In your working directory, create a JSON file with this content named
Adfv2QuickStartPipeline.json
:{ "name": "Adfv2QuickStartPipeline", "properties": { "activities": [ { "name": "CopyFromBlobToBlob", "type": "Copy", "dependsOn": [], "policy": { "timeout": "7.00:00:00", "retry": 0, "retryIntervalInSeconds": 30, "secureOutput": false, "secureInput": false }, "userProperties": [], "typeProperties": { "source": { "type": "BinarySource", "storeSettings": { "type": "AzureBlobStorageReadSettings", "recursive": true } }, "sink": { "type": "BinarySink", "storeSettings": { "type": "AzureBlobStorageWriteSettings" } }, "enableStaging": false }, "inputs": [ { "referenceName": "InputDataset", "type": "DatasetReference" } ], "outputs": [ { "referenceName": "OutputDataset", "type": "DatasetReference" } ] } ], "annotations": [] } }
Create a pipeline named
Adfv2QuickStartPipeline
by using the az datafactory pipeline create command:az datafactory pipeline create --resource-group ADFQuickStartRG \ --factory-name ADFTutorialFactory --name Adfv2QuickStartPipeline \ --pipeline Adfv2QuickStartPipeline.json
Run the pipeline by using the az datafactory pipeline create-run command:
az datafactory pipeline create-run --resource-group ADFQuickStartRG \ --name Adfv2QuickStartPipeline --factory-name ADFTutorialFactory
This command returns a run ID. Copy it for use in the next command.
Verify that the pipeline run succeeded by using the az datafactory pipeline-run show command:
az datafactory pipeline-run show --resource-group ADFQuickStartRG \ --factory-name ADFTutorialFactory --run-id 00000000-0000-0000-0000-000000000000
You can also verify that your pipeline ran as expected by using the Azure portal.
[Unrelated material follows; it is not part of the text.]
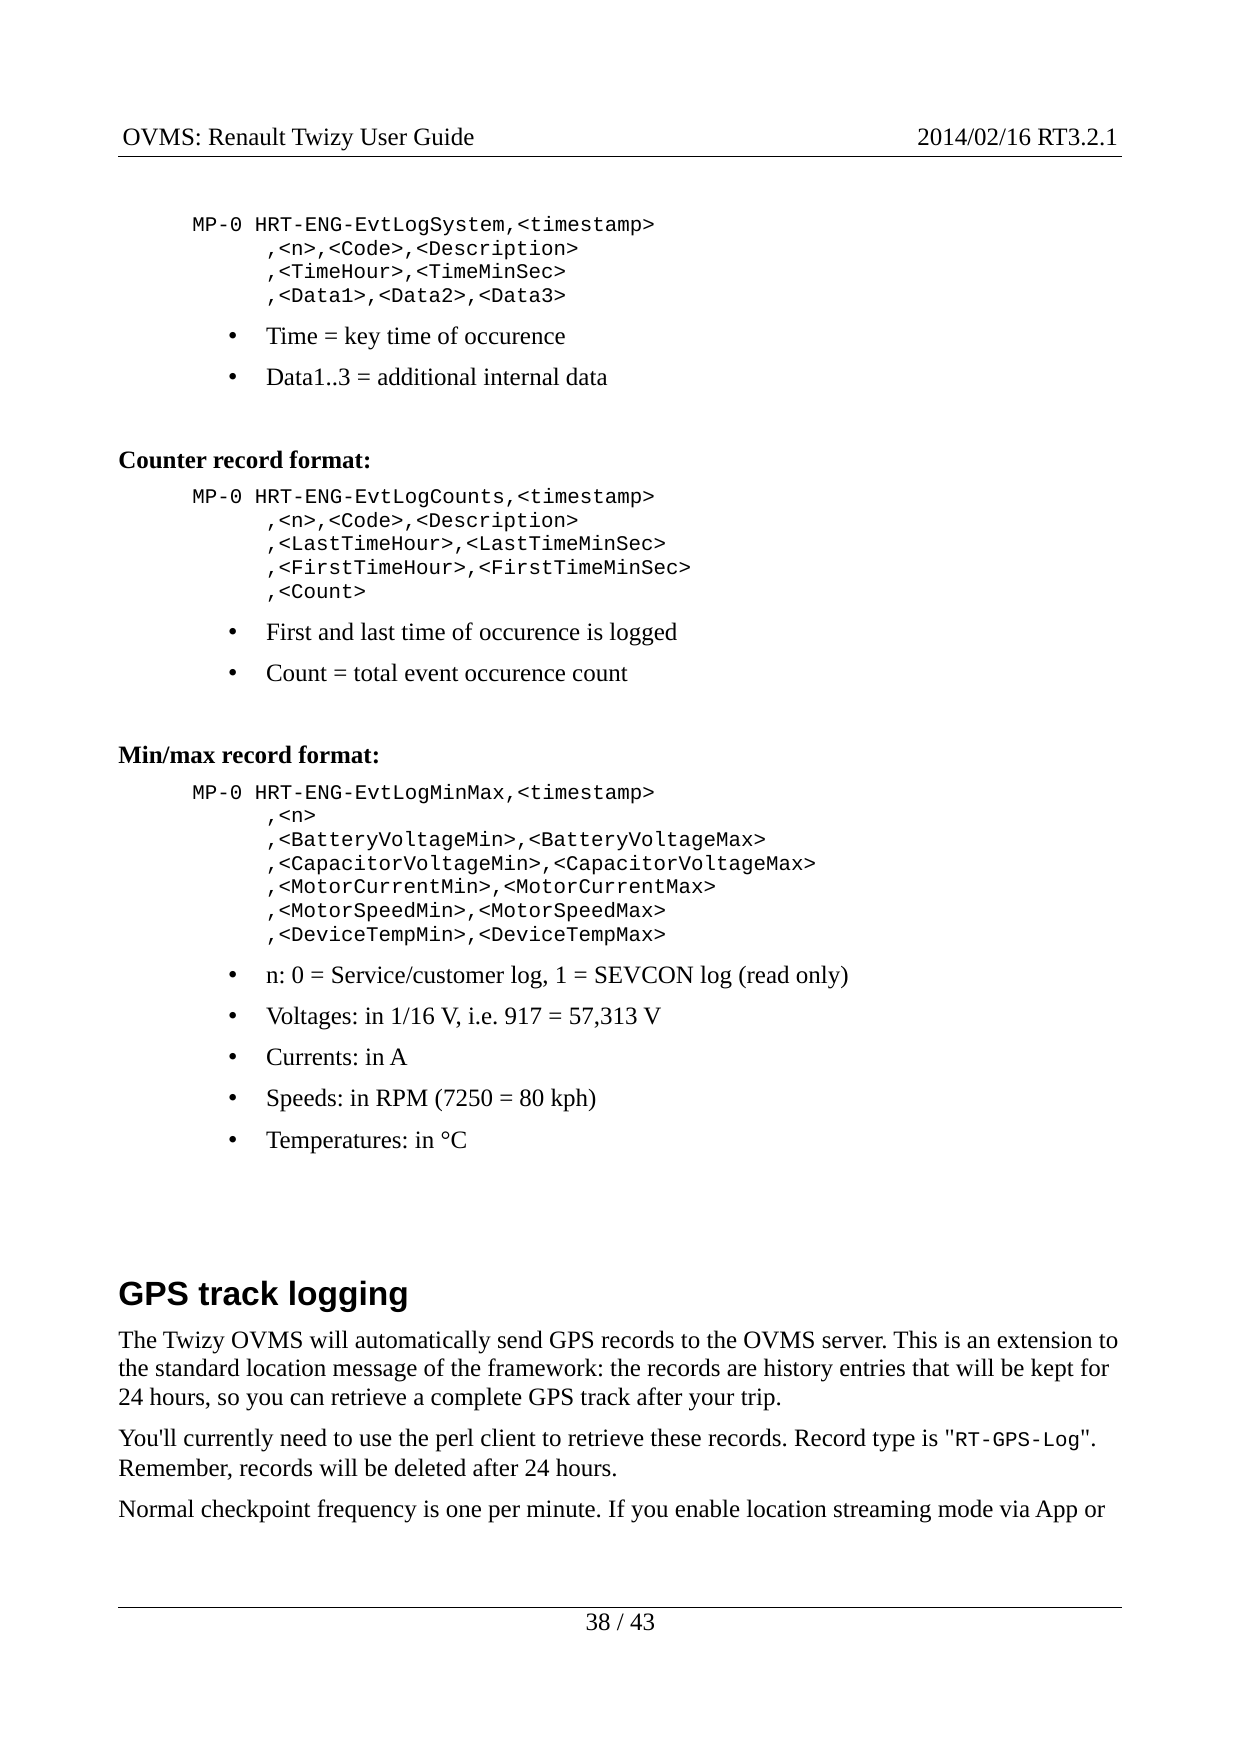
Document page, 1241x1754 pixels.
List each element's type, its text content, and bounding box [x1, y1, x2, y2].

For more information, see Review deployed resources.
Clean up resources
All of the resources in this quickstart are part of the same resource group. To remove them all, use the az group delete command:
az group delete --name ADFQuickStartRG
If you're using this resource group for anything else, instead, delete individual resources. For instance, to remove the linked service, use the az datafactory linked-service delete command.
In this quickstart, you created the following JSON files:
- AzureStorageLinkedService.json
- InputDataset.json
- OutputDataset.json
- Adfv2QuickStartPipeline.json
Delete them by using standard Bash commands.